** The input follows **

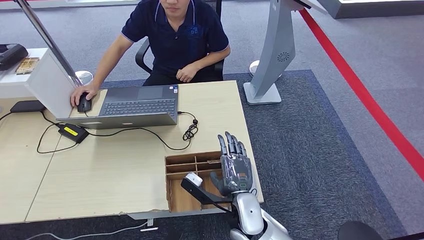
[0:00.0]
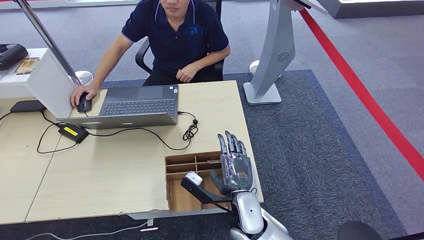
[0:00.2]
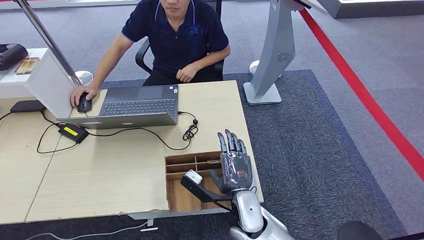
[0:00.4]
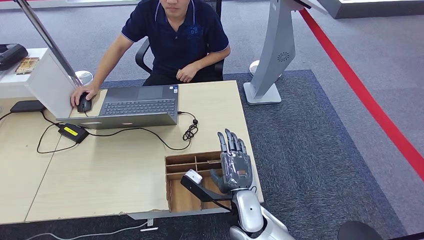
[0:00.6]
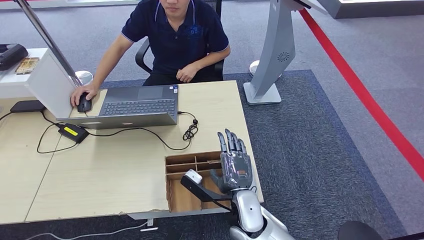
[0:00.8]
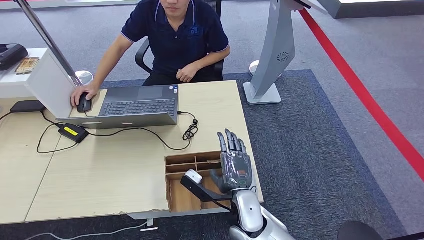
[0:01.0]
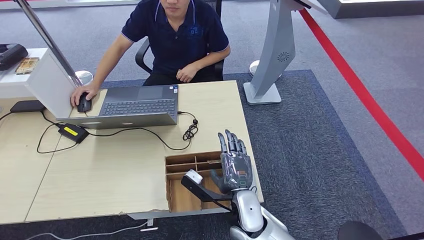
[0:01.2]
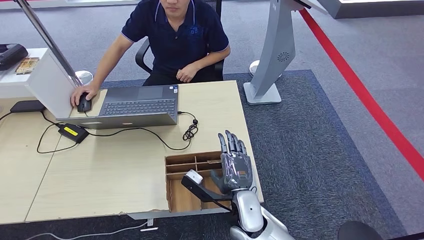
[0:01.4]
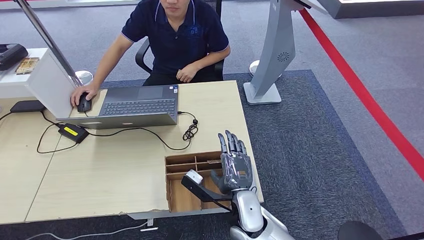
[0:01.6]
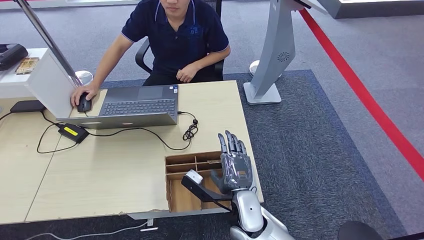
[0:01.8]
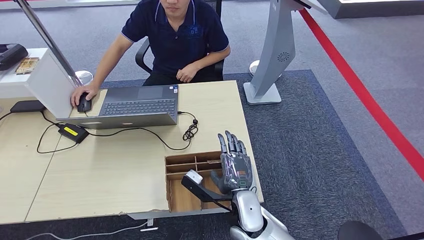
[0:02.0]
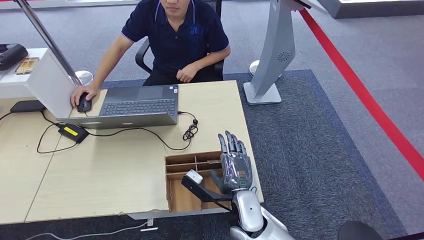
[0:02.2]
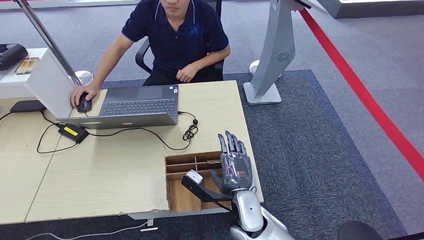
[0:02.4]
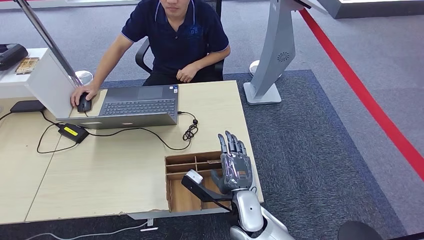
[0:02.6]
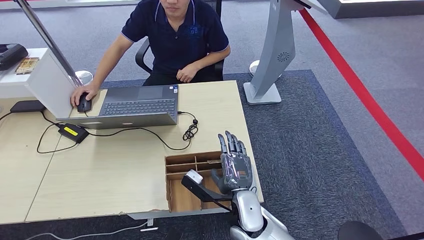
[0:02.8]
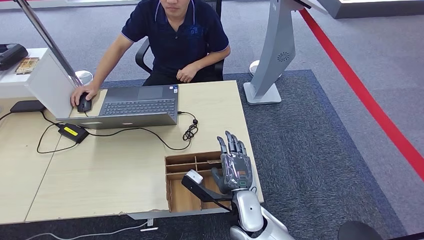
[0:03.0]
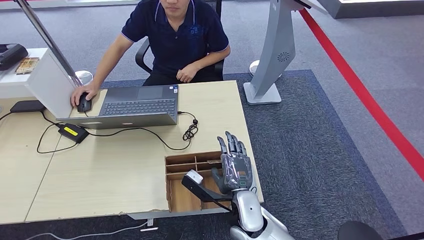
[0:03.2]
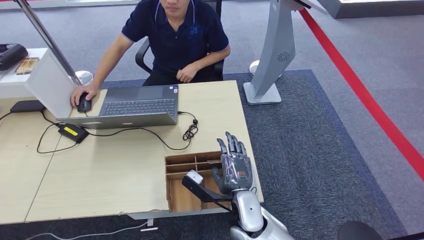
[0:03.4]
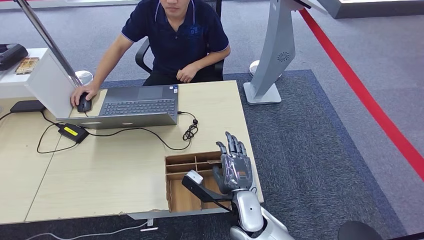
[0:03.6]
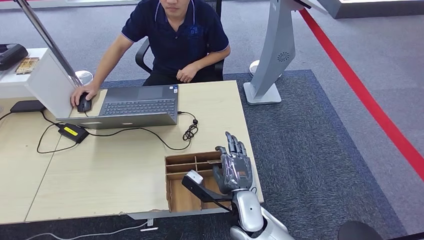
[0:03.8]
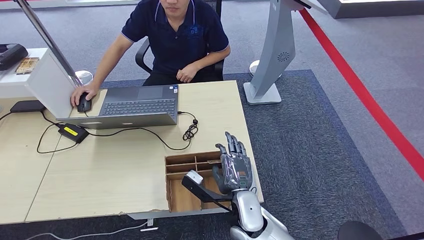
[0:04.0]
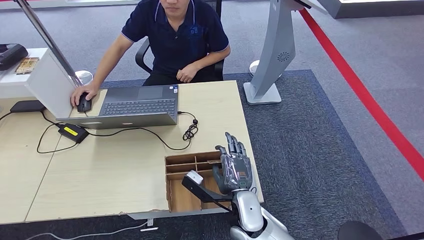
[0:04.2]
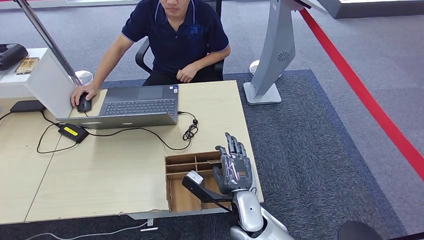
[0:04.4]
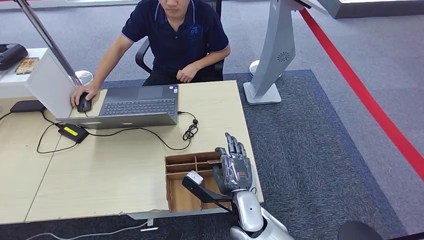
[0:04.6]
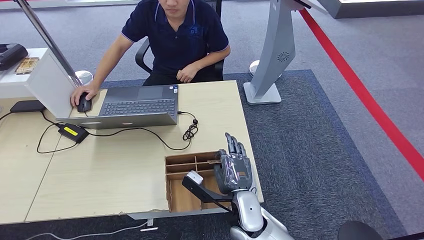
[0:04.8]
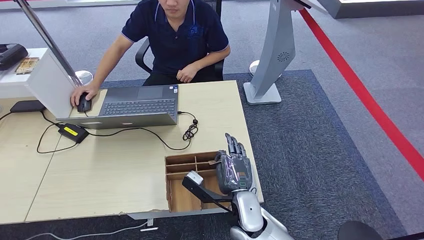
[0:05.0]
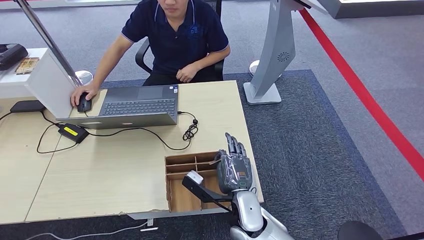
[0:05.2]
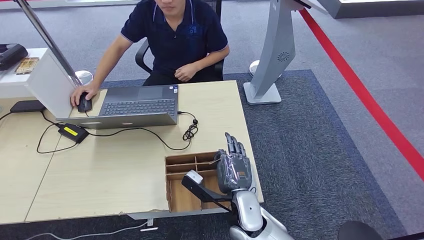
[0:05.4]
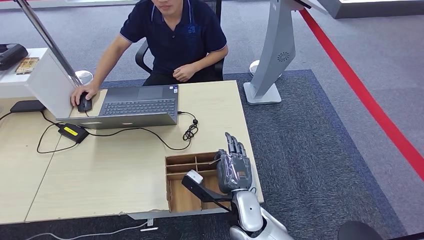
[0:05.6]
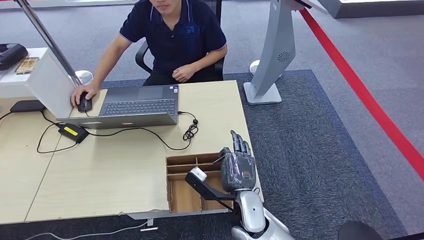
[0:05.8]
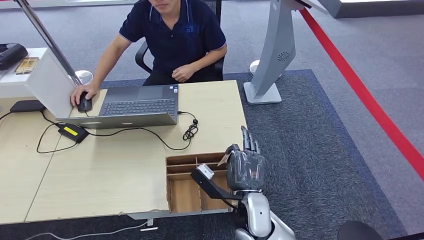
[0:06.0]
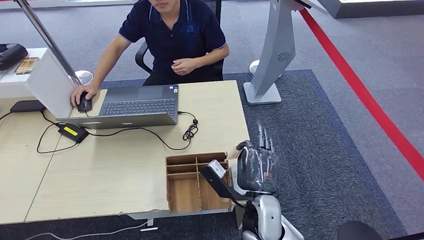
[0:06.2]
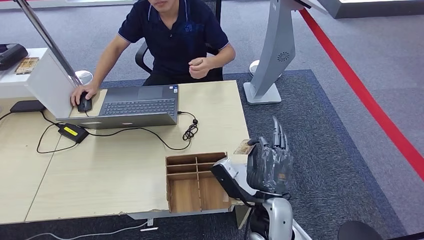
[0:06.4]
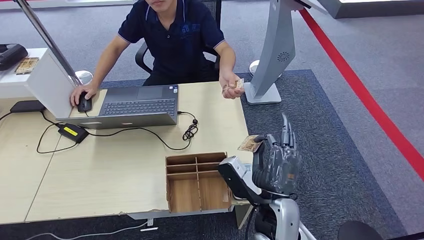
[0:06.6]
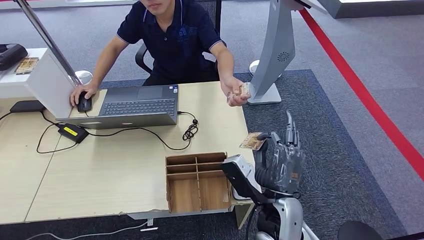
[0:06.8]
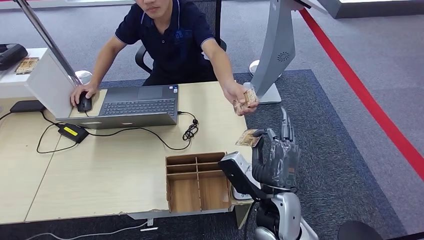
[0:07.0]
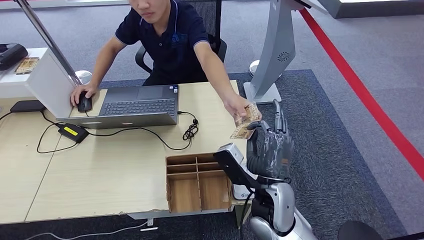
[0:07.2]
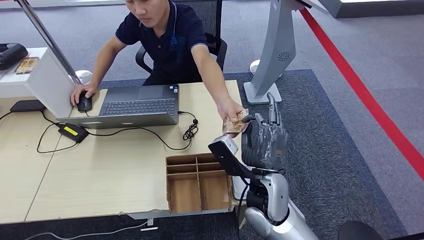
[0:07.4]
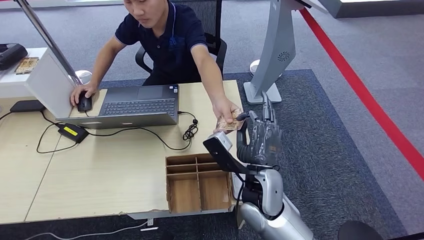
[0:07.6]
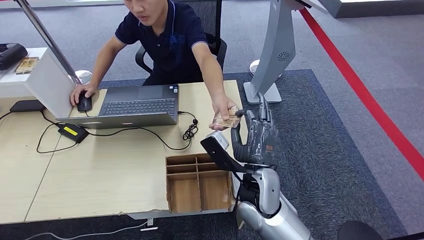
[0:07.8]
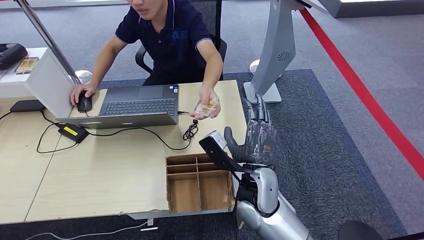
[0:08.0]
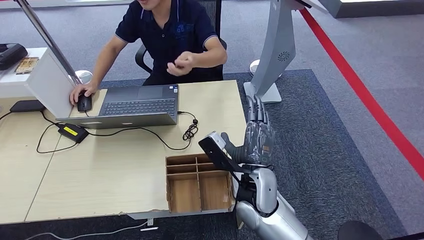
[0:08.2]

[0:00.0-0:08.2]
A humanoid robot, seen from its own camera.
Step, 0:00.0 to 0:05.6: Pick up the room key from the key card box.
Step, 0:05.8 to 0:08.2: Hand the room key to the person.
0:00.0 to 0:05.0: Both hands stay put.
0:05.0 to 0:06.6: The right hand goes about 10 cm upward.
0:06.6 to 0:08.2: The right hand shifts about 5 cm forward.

** End of The input **

### [Instructions for the task]
Every line from the start of the material through the line containing "[0:00.0-0:08.2]" is needed exactly as written; the pictures are not.

### [Solution]
[0:00.0]
[0:00.2]
[0:00.4]
[0:00.6]
[0:00.8]
[0:01.0]
[0:01.2]
[0:01.4]
[0:01.6]
[0:01.8]
[0:02.0]
[0:02.2]
[0:02.4]
[0:02.6]
[0:02.8]
[0:03.0]
[0:03.2]
[0:03.4]
[0:03.6]
[0:03.8]
[0:04.0]
[0:04.2]
[0:04.4]
[0:04.6]
[0:04.8]
[0:05.0]
[0:05.2]
[0:05.4]
[0:05.6]
[0:05.8]
[0:06.0]
[0:06.2]
[0:06.4]
[0:06.6]
[0:06.8]
[0:07.0]
[0:07.2]
[0:07.4]
[0:07.6]
[0:07.8]
[0:08.0]
[0:08.2]

[0:00.0-0:08.2]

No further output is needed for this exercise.